Beijing Key Laboratory of Pediatric Diseases of Otolaryngology, Head, and Neck Surgery, Beijing Pediatric Research Institute, Beijing Children's Hospital, Capital Medical University, National Center for Children's Health, Beijing, China.
Department of Otolaryngology, Head, and Neck Surgery, Beijing Children's Hospital, Capital Medical University, National Center for Children's Health, Beijing, China.
J Clin Sleep Med. 2022 Oct 1;18(10):2397-2404. doi: 10.5664/jcsm.10124.
To investigate the prevalence of positional obstructive sleep apnea (P-OSA) and rapid eye movement-related OSA (REM-OSA) in children with OSA and identify related factors.
This was a cross-sectional study among children aged 2-12 years diagnosed with OSA using overnight polysomnography (PSG) between August 1, 2020, and July 31, 2021. Demographics, anthropometrics, PSG, and OSA-18 questionnaire data were recorded.
Data from a total of 474 children were available for analysis. Children had a median age of 4.8 (4.1, 6.4) years, 66.7% were male, and 23.2% were obese. The prevalence of P-OSA was 38.2% and that of REM-OSA was 43.0%. P-OSA was correlated with age and obstructive apnea-hypopnea index (OAHI; odds ratio [OR] = 1.172, 0.947; = .005, < 0.001, respectively), but not sex, obesity, and adenoid and tonsil size (OR = 1.265, 0.785, 0.826, 0.989; = .258, 0.327, 0.153, 0.905, respectively). REM-OSA was correlated with age, adenoid size, tonsil size, and OAHI (OR = 0.876, 1.320, 1.387, 1.021; = .024, 0.040, 0.001, 0.042) but not with sex and obesity (OR = 0.910, 1.281; = .643, 0.315).
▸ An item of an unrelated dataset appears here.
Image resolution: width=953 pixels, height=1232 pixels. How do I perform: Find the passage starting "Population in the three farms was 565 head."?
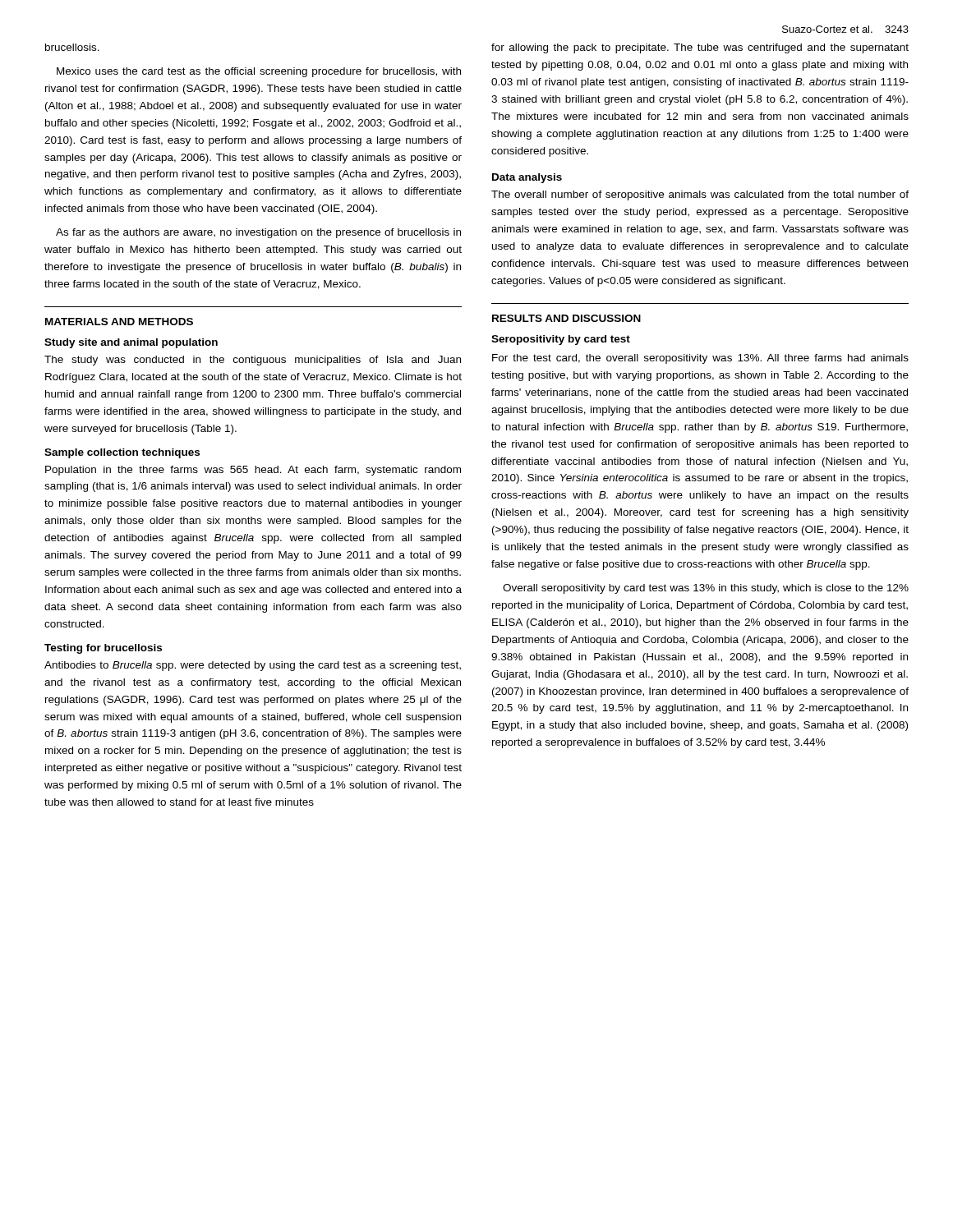253,547

The prevalence of P-OSA was 38.2% and that of REM-OSA was 43.0% in children with OSA. Age was correlated with both the prevalence of P-OSA and REM-OSA, with an increasing and decreasing prevalence as children grew older, respectively. The severity of OSA was significantly associated with the prevalence of both P-OSA and REM-OSA. Adenoid and tonsil size were correlated with the prevalence of REM-OSA but not P-OSA. Obesity and sex were not associated with the prevalence of P-OSA or REM-OSA.
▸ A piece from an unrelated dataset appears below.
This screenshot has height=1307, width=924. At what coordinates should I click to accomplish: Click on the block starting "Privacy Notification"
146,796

Wu Y, Zheng L, Cui G, Xu Z, Ni X. Subtypes of obstructive sleep apnea in children and related factors. . 2022;18(10):2397-2404.
调查阻塞性睡眠呼吸暂停(OSA)患儿中位置性阻塞性睡眠呼吸暂停(P-OSA)和快速眼动相关 OSA(REM-OSA)的患病率,并确定相关因素。
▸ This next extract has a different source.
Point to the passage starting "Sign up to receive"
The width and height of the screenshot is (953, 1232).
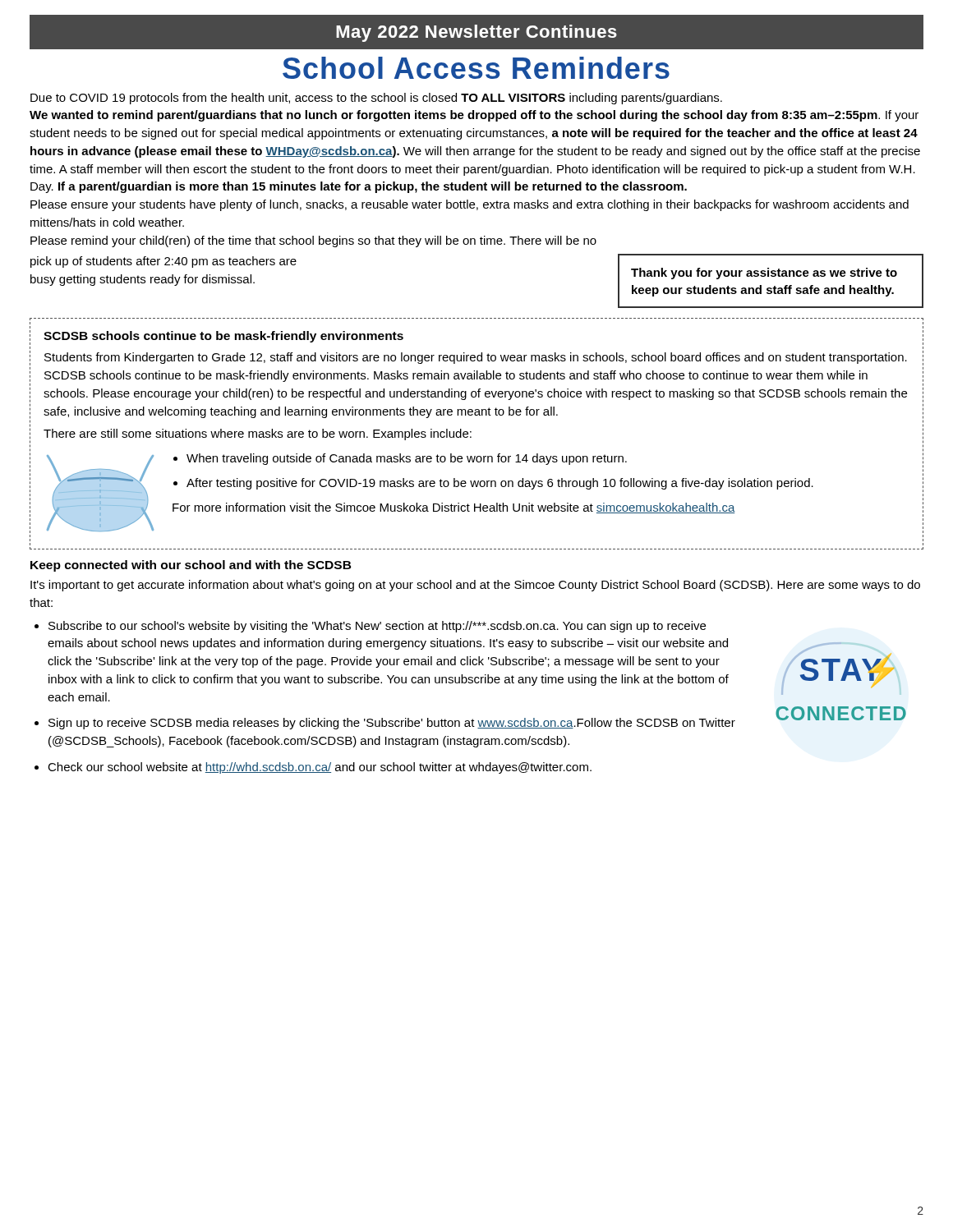tap(391, 732)

这是一项横断面研究,纳入 2020 年 8 月 1 日至 2021 年 7 月 31 日期间经整夜多导睡眠图(PSG)诊断为 OSA 的 2-12 岁儿童。记录人口统计学、人体测量学、PSG 和 OSA-18 问卷数据。
共有 474 例儿童的数据可用于分析。儿童的中位年龄为 4.8(4.1,6.4)岁,66.7%为男性,23.2%为肥胖。P-OSA 的患病率为 38.2%,REM-OSA 的患病率为 43.0%。P-OSA 与年龄和阻塞性呼吸暂停低通气指数(OAHI;比值比[OR] = 1.172,0.947; =.005,< 0.001)相关,但与性别、肥胖和腺样体扁桃体大小(OR = 1.265,0.785,0.826,0.989; =.258,0.327,0.153,0.905)无关。REM-OSA 与年龄、腺样体大小、扁桃体大小和 OAHI(OR = 0.876,1.320,1.387,1.021; =.024,0.040,0.001,0.042)相关,但与性别和肥胖无关(OR = 0.910,1.281; =.643,0.315)。
OSA 患儿中 P-OSA 的患病率为 38.2%,REM-OSA 的患病率为 43.0%。年龄与 P-OSA 和 REM-OSA 的患病率均相关,随着儿童年龄的增长,患病率呈增加和降低趋势。OSA 的严重程度与 P-OSA 和 REM-OSA 的患病率显著相关。腺样体扁桃体大小与 REM-OSA 的患病率相关,但与 P-OSA 无关。肥胖和性别与 P-OSA 或 REM-OSA 的患病率无关。